● ASSIGNMENT
Copy the records below in full and leave every image out of the copy.
___ DATA FOR PROCESSING
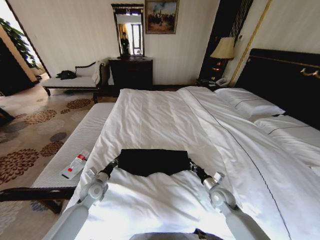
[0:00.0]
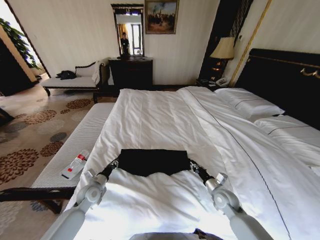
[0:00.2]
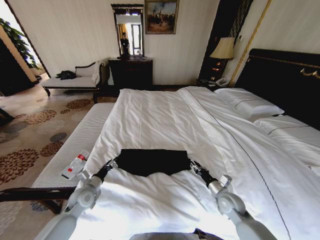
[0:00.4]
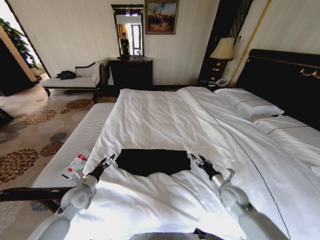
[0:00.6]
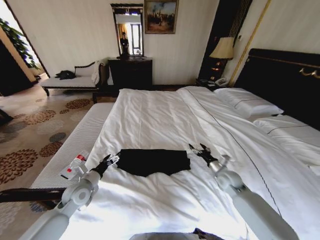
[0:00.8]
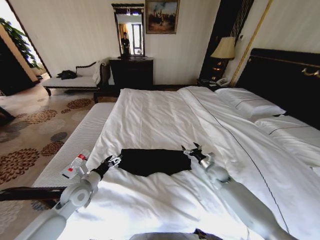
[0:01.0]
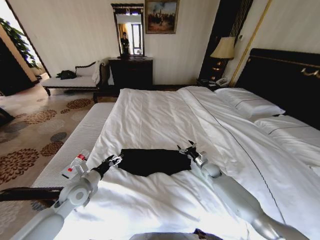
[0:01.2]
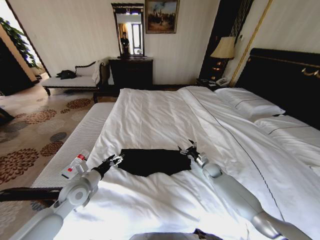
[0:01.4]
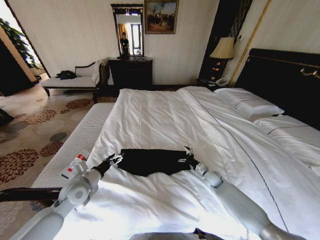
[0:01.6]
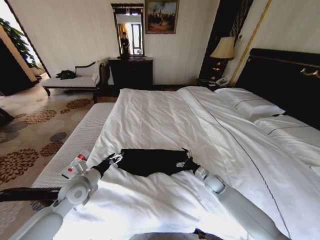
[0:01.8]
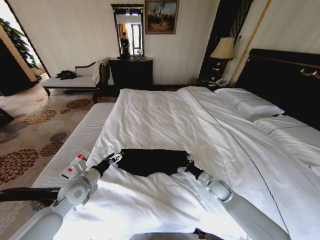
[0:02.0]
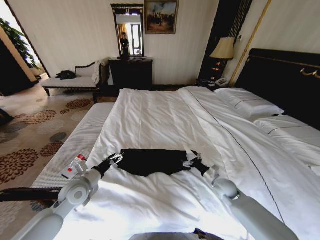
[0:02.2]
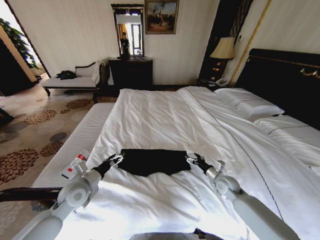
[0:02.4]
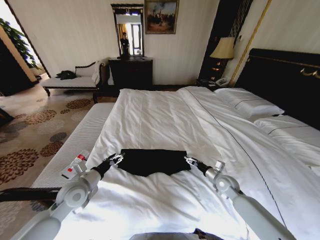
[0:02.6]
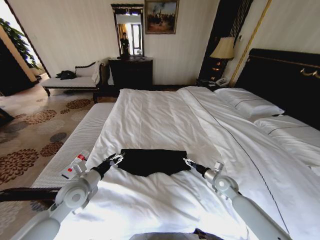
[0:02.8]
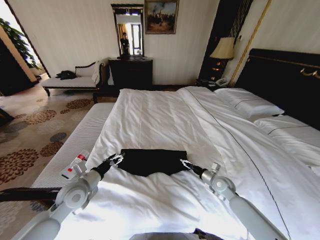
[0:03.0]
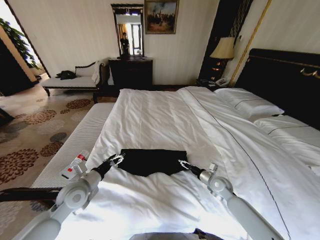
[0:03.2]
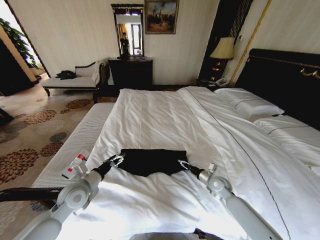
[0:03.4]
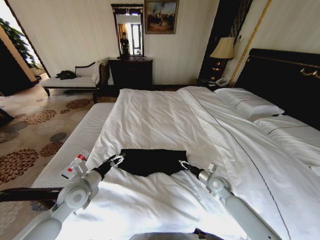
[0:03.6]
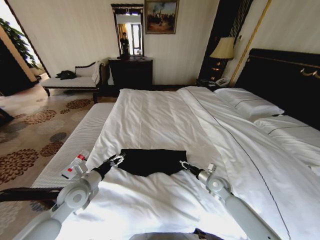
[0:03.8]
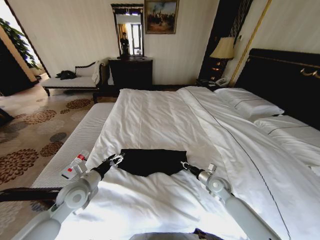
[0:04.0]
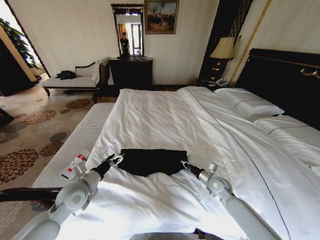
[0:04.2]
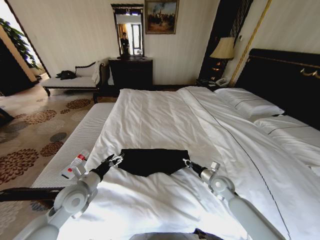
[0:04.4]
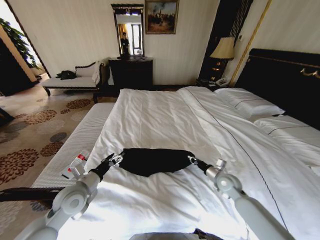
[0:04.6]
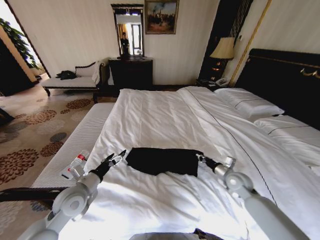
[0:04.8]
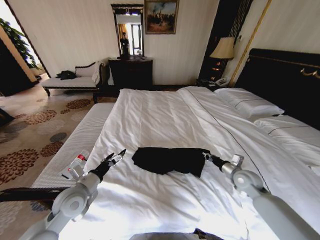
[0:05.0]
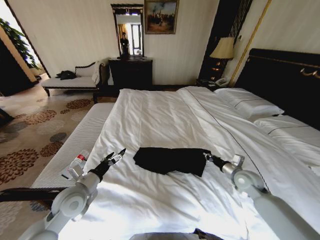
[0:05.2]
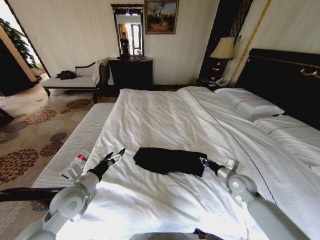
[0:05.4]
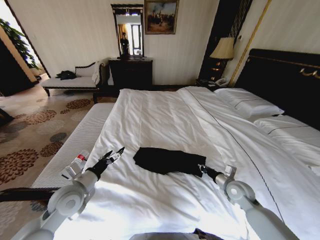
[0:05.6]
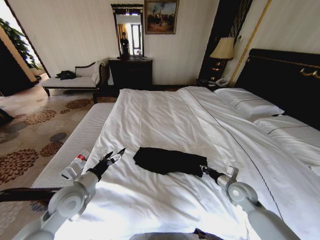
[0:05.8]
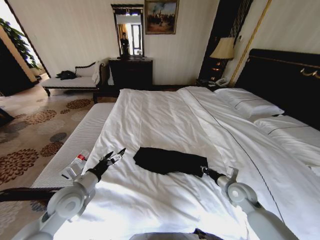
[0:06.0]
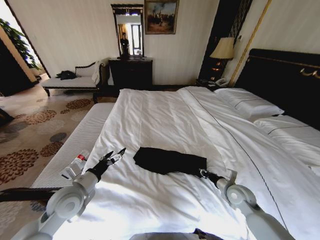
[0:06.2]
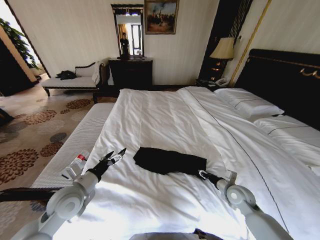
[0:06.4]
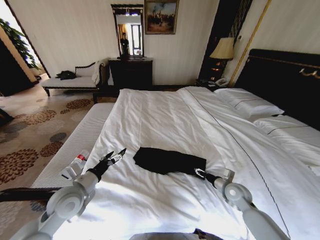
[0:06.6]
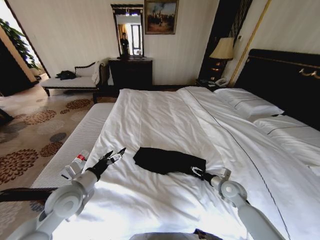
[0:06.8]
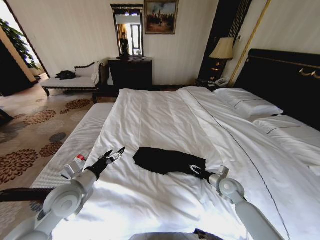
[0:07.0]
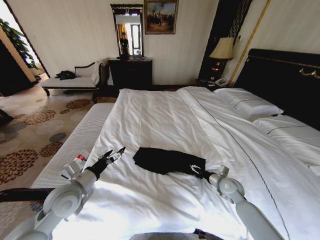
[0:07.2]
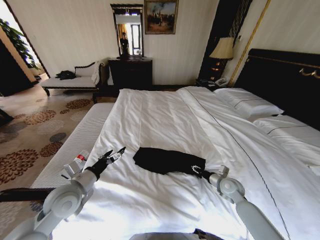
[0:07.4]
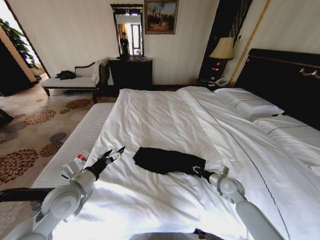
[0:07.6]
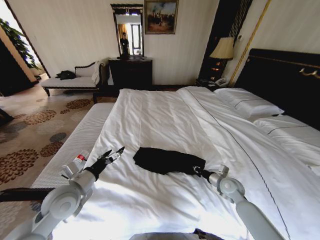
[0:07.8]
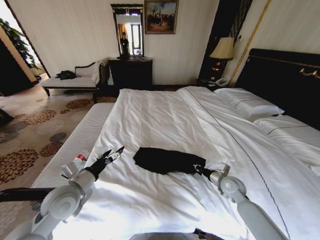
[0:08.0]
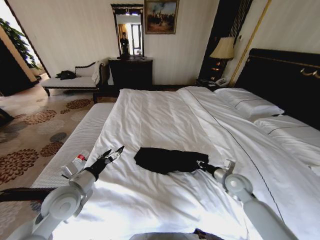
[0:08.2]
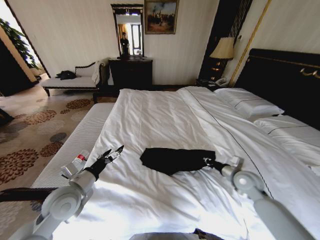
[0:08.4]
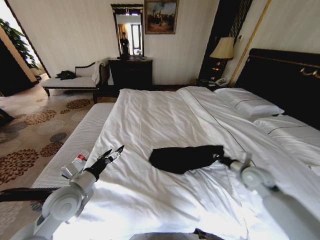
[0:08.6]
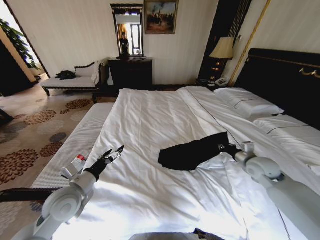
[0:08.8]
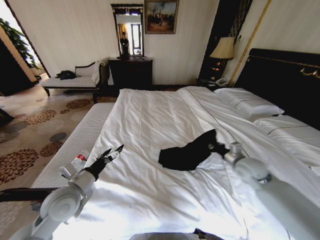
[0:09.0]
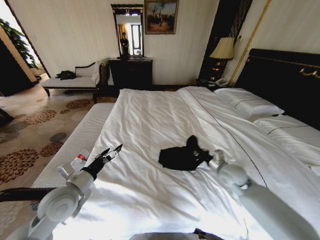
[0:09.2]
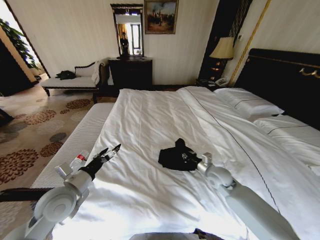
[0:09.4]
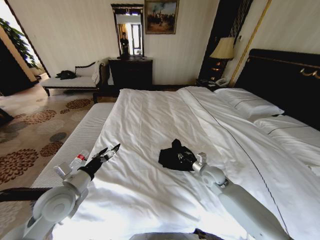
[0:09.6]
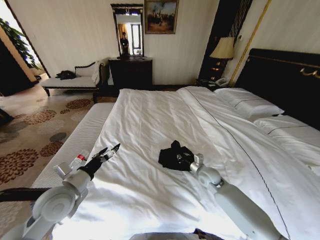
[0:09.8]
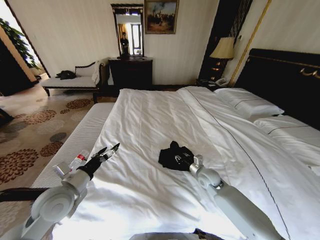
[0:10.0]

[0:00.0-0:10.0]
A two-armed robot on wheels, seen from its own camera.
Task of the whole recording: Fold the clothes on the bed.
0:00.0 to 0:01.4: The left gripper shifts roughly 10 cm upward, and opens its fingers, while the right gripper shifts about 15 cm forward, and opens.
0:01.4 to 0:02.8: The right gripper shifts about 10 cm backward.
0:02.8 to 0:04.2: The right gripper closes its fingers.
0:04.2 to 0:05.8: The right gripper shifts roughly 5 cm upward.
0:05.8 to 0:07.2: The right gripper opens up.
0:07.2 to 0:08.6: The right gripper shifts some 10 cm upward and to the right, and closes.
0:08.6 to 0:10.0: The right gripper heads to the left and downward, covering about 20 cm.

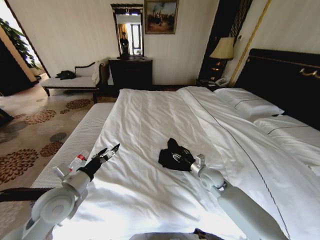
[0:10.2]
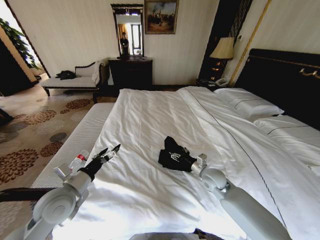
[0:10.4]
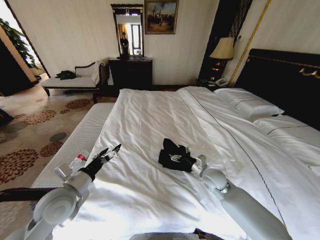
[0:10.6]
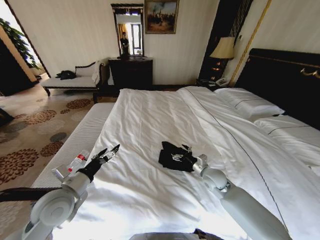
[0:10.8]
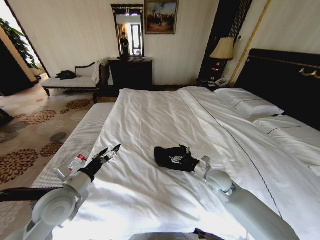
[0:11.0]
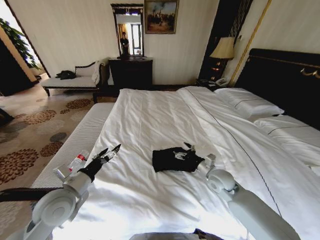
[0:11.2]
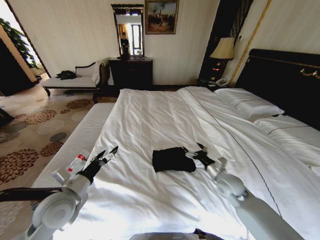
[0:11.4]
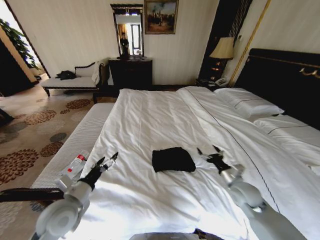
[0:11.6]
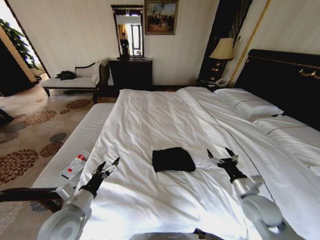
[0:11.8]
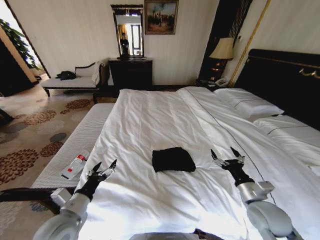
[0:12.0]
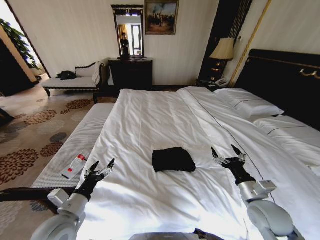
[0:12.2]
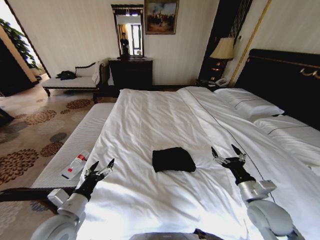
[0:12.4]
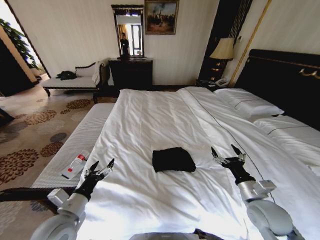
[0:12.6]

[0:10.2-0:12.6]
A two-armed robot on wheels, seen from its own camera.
______
● RESULT OF THIS EXERCISE
[0:00.0]
[0:00.2]
[0:00.4]
[0:00.6]
[0:00.8]
[0:01.0]
[0:01.2]
[0:01.4]
[0:01.6]
[0:01.8]
[0:02.0]
[0:02.2]
[0:02.4]
[0:02.6]
[0:02.8]
[0:03.0]
[0:03.2]
[0:03.4]
[0:03.6]
[0:03.8]
[0:04.0]
[0:04.2]
[0:04.4]
[0:04.6]
[0:04.8]
[0:05.0]
[0:05.2]
[0:05.4]
[0:05.6]
[0:05.8]
[0:06.0]
[0:06.2]
[0:06.4]
[0:06.6]
[0:06.8]
[0:07.0]
[0:07.2]
[0:07.4]
[0:07.6]
[0:07.8]
[0:08.0]
[0:08.2]
[0:08.4]
[0:08.6]
[0:08.8]
[0:09.0]
[0:09.2]
[0:09.4]
[0:09.6]
[0:09.8]
[0:10.0]

[0:00.0-0:10.0]
A two-armed robot on wheels, seen from its own camera.
Task of the whole recording: Fold the clothes on the bed.
0:00.0 to 0:01.4: The left gripper shifts roughly 10 cm upward, and opens its fingers, while the right gripper shifts about 15 cm forward, and opens.
0:01.4 to 0:02.8: The right gripper shifts about 10 cm backward.
0:02.8 to 0:04.2: The right gripper closes its fingers.
0:04.2 to 0:05.8: The right gripper shifts roughly 5 cm upward.
0:05.8 to 0:07.2: The right gripper opens up.
0:07.2 to 0:08.6: The right gripper shifts some 10 cm upward and to the right, and closes.
0:08.6 to 0:10.0: The right gripper heads to the left and downward, covering about 20 cm.

[0:10.2]
[0:10.4]
[0:10.6]
[0:10.8]
[0:11.0]
[0:11.2]
[0:11.4]
[0:11.6]
[0:11.8]
[0:12.0]
[0:12.2]
[0:12.4]
[0:12.6]

[0:10.2-0:12.6]
A two-armed robot on wheels, seen from its own camera.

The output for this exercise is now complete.